→ Work required
Please repeat every record exactly, leaving out any pictures.

Dataset entries START

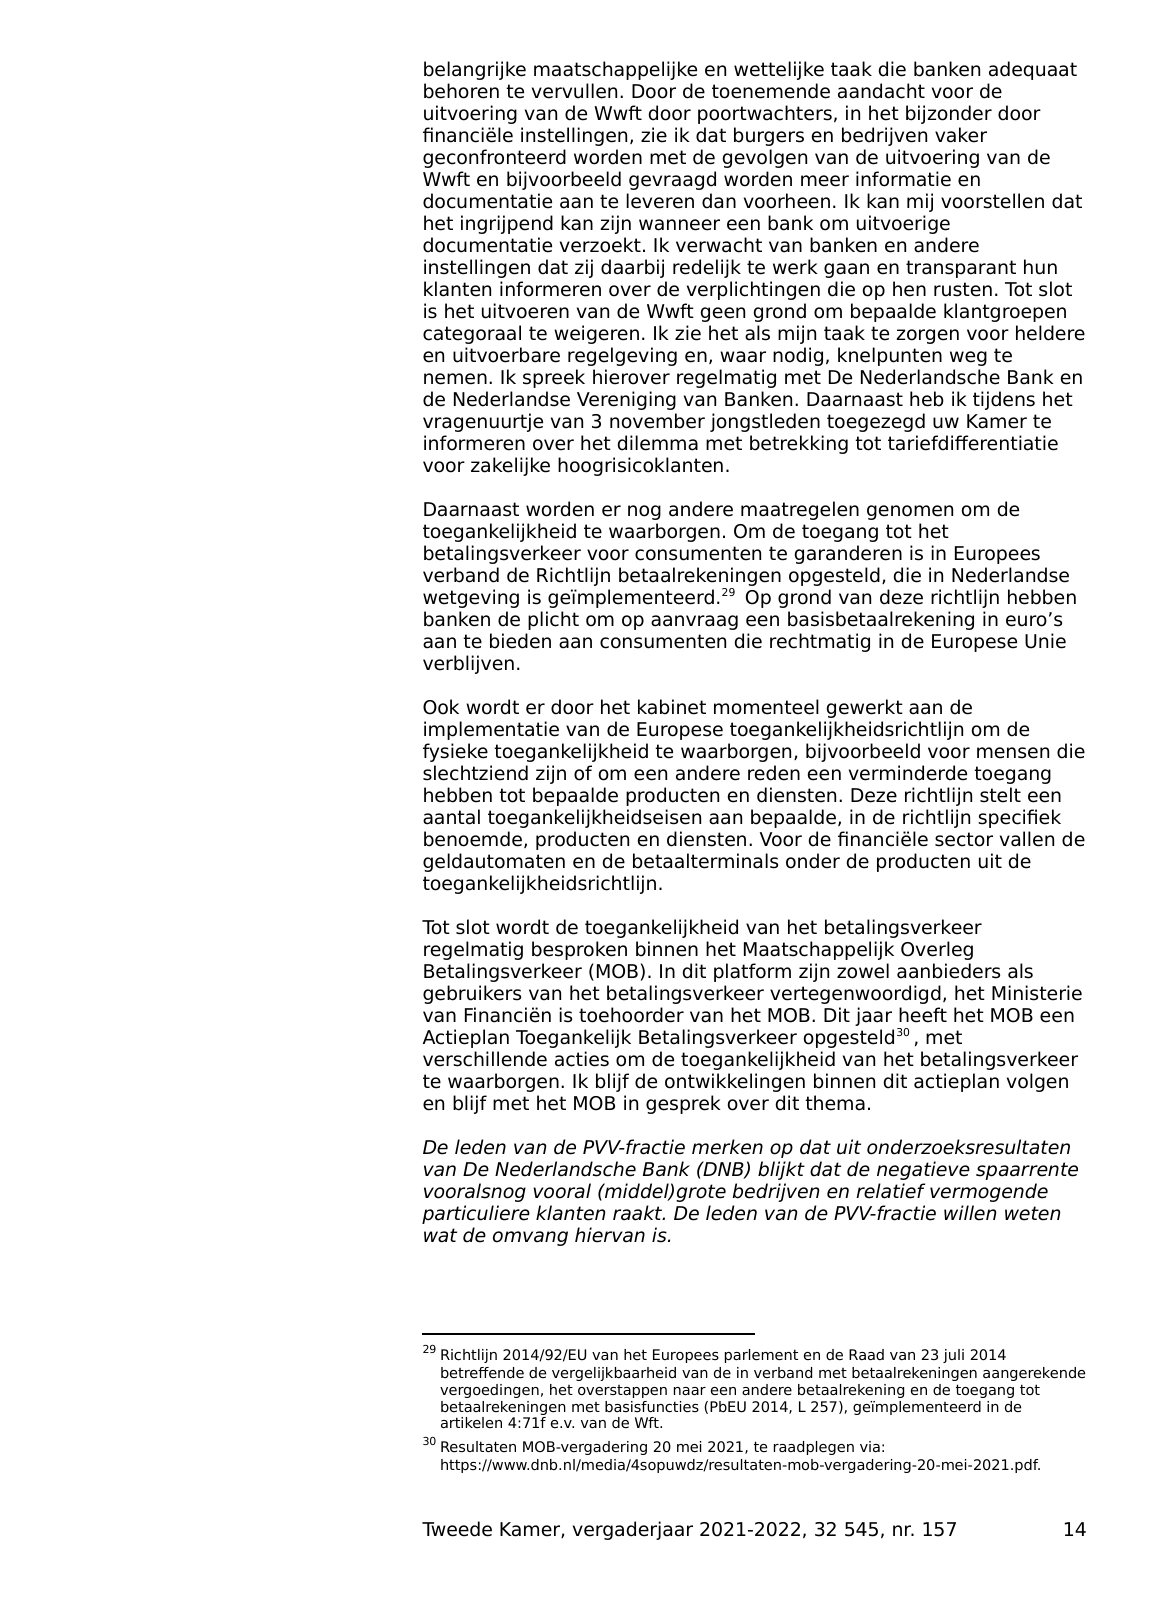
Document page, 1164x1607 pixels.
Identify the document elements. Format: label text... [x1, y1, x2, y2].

text Tot slot wordt de toegankelijkheid van het betalingsverkeer regelmatig besproken binnen het Maatschappelijk Overleg Betalingsverkeer (MOB). In dit platform zijn zowel aanbieders als gebruikers van het betalingsverkeer vertegenwoordigd, het Ministerie van Financiën is toehoorder van het MOB. Dit jaar heeft het MOB een Actieplan Toegankelijk Betalingsverkeer opgesteld, met verschillende acties om de toegankelijkheid van het betalingsverkeer te waarborgen. Ik blijf de ontwikkelingen binnen dit actieplan volgen en blijf met het MOB in gesprek over dit thema. [422, 917, 1087, 1115]
text Daarnaast worden er nog andere maatregelen genomen om de toegankelijkheid te waarborgen. Om de toegang tot het betalingsverkeer voor consumenten te garanderen is in Europees verband de Richtlijn betaalrekeningen opgesteld, die in Nederlandse wetgeving is geïmplementeerd. Op grond van deze richtlijn hebben banken de plicht om op aanvraag een basisbetaalrekening in euro’s aan te bieden aan consumenten die rechtmatig in de Europese Unie verblijven. [422, 499, 1087, 675]
text Resultaten MOB-vergadering 20 mei 2021, te raadplegen via: https://www.dnb.nl/media/4sopuwdz/resultaten-mob-vergadering-20-mei-2021.pdf. [422, 1435, 1087, 1474]
text Richtlijn 2014/92/EU van het Europees parlement en de Raad van 23 juli 2014 betreffende de vergelijkbaarheid van de in verband met betaalrekeningen aangerekende vergoedingen, het overstappen naar een andere betaalrekening en de toegang tot betaalrekeningen met basisfuncties (PbEU 2014, L 257), geïmplementeerd in de artikelen 4:71f e.v. van de Wft. [422, 1343, 1087, 1432]
text belangrijke maatschappelijke en wettelijke taak die banken adequaat behoren te vervullen. Door de toenemende aandacht voor de uitvoering van de Wwft door poortwachters, in het bijzonder door financiële instellingen, zie ik dat burgers en bedrijven vaker geconfronteerd worden met de gevolgen van de uitvoering van de Wwft en bijvoorbeeld gevraagd worden meer informatie en documentatie aan te leveren dan voorheen. Ik kan mij voorstellen dat het ingrijpend kan zijn wanneer een bank om uitvoerige documentatie verzoekt. Ik verwacht van banken en andere instellingen dat zij daarbij redelijk te werk gaan en transparant hun klanten informeren over de verplichtingen die op hen rusten. Tot slot is het uitvoeren van de Wwft geen grond om bepaalde klantgroepen categoraal te weigeren. Ik zie het als mijn taak te zorgen voor heldere en uitvoerbare regelgeving en, waar nodig, knelpunten weg te nemen. Ik spreek hierover regelmatig met De Nederlandsche Bank en de Nederlandse Vereniging van Banken. Daarnaast heb ik tijdens het vragenuurtje van 3 november jongstleden toegezegd uw Kamer te informeren over het dilemma met betrekking tot tariefdifferentiatie voor zakelijke hoogrisicoklanten. [422, 59, 1087, 477]
text De leden van de PVV-fractie merken op dat uit onderzoeksresultaten van De Nederlandsche Bank (DNB) blijkt dat de negatieve spaarrente vooralsnog vooral (middel)grote bedrijven en relatief vermogende particuliere klanten raakt. De leden van de PVV-fractie willen weten wat de omvang hiervan is. [422, 1137, 1087, 1247]
text Ook wordt er door het kabinet momenteel gewerkt aan de implementatie van de Europese toegankelijkheidsrichtlijn om de fysieke toegankelijkheid te waarborgen, bijvoorbeeld voor mensen die slechtziend zijn of om een andere reden een verminderde toegang hebben tot bepaalde producten en diensten. Deze richtlijn stelt een aantal toegankelijkheidseisen aan bepaalde, in de richtlijn specifiek benoemde, producten en diensten. Voor de financiële sector vallen de geldautomaten en de betaalterminals onder de producten uit de toegankelijkheidsrichtlijn. [422, 697, 1087, 895]
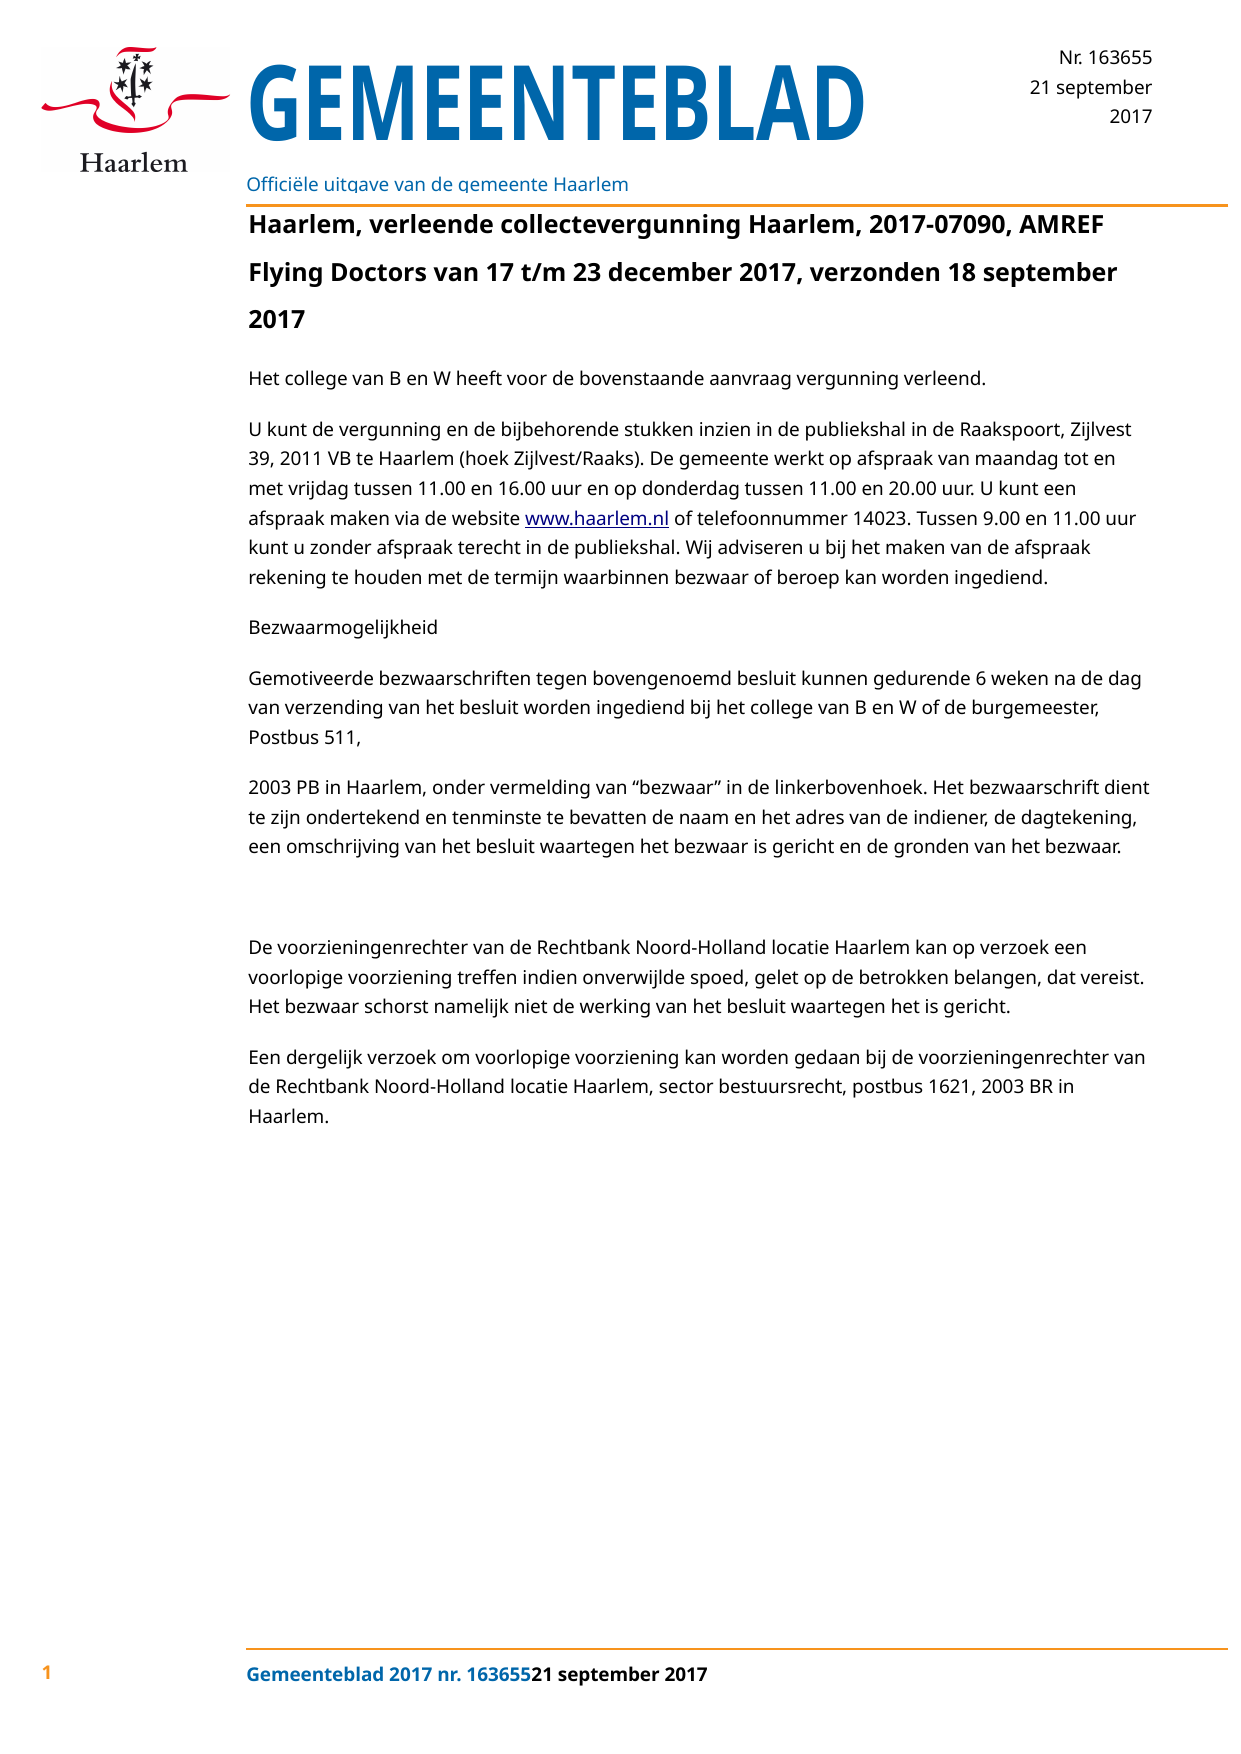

Dataset entries END

→ Solution for this exercise
Document page, 1164x1607 pixels.
Identify the document elements. Format: label text... [x1, y1, x2, y2].

text Tot slot wordt de toegankelijkheid van het betalingsverkeer regelmatig besproken binnen het Maatschappelijk Overleg Betalingsverkeer (MOB). In dit platform zijn zowel aanbieders als gebruikers van het betalingsverkeer vertegenwoordigd, het Ministerie van Financiën is toehoorder van het MOB. Dit jaar heeft het MOB een Actieplan Toegankelijk Betalingsverkeer opgesteld, met verschillende acties om de toegankelijkheid van het betalingsverkeer te waarborgen. Ik blijf de ontwikkelingen binnen dit actieplan volgen en blijf met het MOB in gesprek over dit thema. [422, 917, 1087, 1115]
text Daarnaast worden er nog andere maatregelen genomen om de toegankelijkheid te waarborgen. Om de toegang tot het betalingsverkeer voor consumenten te garanderen is in Europees verband de Richtlijn betaalrekeningen opgesteld, die in Nederlandse wetgeving is geïmplementeerd. Op grond van deze richtlijn hebben banken de plicht om op aanvraag een basisbetaalrekening in euro’s aan te bieden aan consumenten die rechtmatig in de Europese Unie verblijven. [422, 499, 1087, 675]
text Resultaten MOB-vergadering 20 mei 2021, te raadplegen via: https://www.dnb.nl/media/4sopuwdz/resultaten-mob-vergadering-20-mei-2021.pdf. [422, 1435, 1087, 1474]
text Richtlijn 2014/92/EU van het Europees parlement en de Raad van 23 juli 2014 betreffende de vergelijkbaarheid van de in verband met betaalrekeningen aangerekende vergoedingen, het overstappen naar een andere betaalrekening en de toegang tot betaalrekeningen met basisfuncties (PbEU 2014, L 257), geïmplementeerd in de artikelen 4:71f e.v. van de Wft. [422, 1343, 1087, 1432]
text belangrijke maatschappelijke en wettelijke taak die banken adequaat behoren te vervullen. Door de toenemende aandacht voor de uitvoering van de Wwft door poortwachters, in het bijzonder door financiële instellingen, zie ik dat burgers en bedrijven vaker geconfronteerd worden met de gevolgen van de uitvoering van de Wwft en bijvoorbeeld gevraagd worden meer informatie en documentatie aan te leveren dan voorheen. Ik kan mij voorstellen dat het ingrijpend kan zijn wanneer een bank om uitvoerige documentatie verzoekt. Ik verwacht van banken en andere instellingen dat zij daarbij redelijk te werk gaan en transparant hun klanten informeren over de verplichtingen die op hen rusten. Tot slot is het uitvoeren van de Wwft geen grond om bepaalde klantgroepen categoraal te weigeren. Ik zie het als mijn taak te zorgen voor heldere en uitvoerbare regelgeving en, waar nodig, knelpunten weg te nemen. Ik spreek hierover regelmatig met De Nederlandsche Bank en de Nederlandse Vereniging van Banken. Daarnaast heb ik tijdens het vragenuurtje van 3 november jongstleden toegezegd uw Kamer te informeren over het dilemma met betrekking tot tariefdifferentiatie voor zakelijke hoogrisicoklanten. [422, 59, 1087, 477]
text De leden van de PVV-fractie merken op dat uit onderzoeksresultaten van De Nederlandsche Bank (DNB) blijkt dat de negatieve spaarrente vooralsnog vooral (middel)grote bedrijven en relatief vermogende particuliere klanten raakt. De leden van de PVV-fractie willen weten wat de omvang hiervan is. [422, 1137, 1087, 1247]
text Ook wordt er door het kabinet momenteel gewerkt aan de implementatie van de Europese toegankelijkheidsrichtlijn om de fysieke toegankelijkheid te waarborgen, bijvoorbeeld voor mensen die slechtziend zijn of om een andere reden een verminderde toegang hebben tot bepaalde producten en diensten. Deze richtlijn stelt een aantal toegankelijkheidseisen aan bepaalde, in de richtlijn specifiek benoemde, producten en diensten. Voor de financiële sector vallen de geldautomaten en de betaalterminals onder de producten uit de toegankelijkheidsrichtlijn. [422, 697, 1087, 895]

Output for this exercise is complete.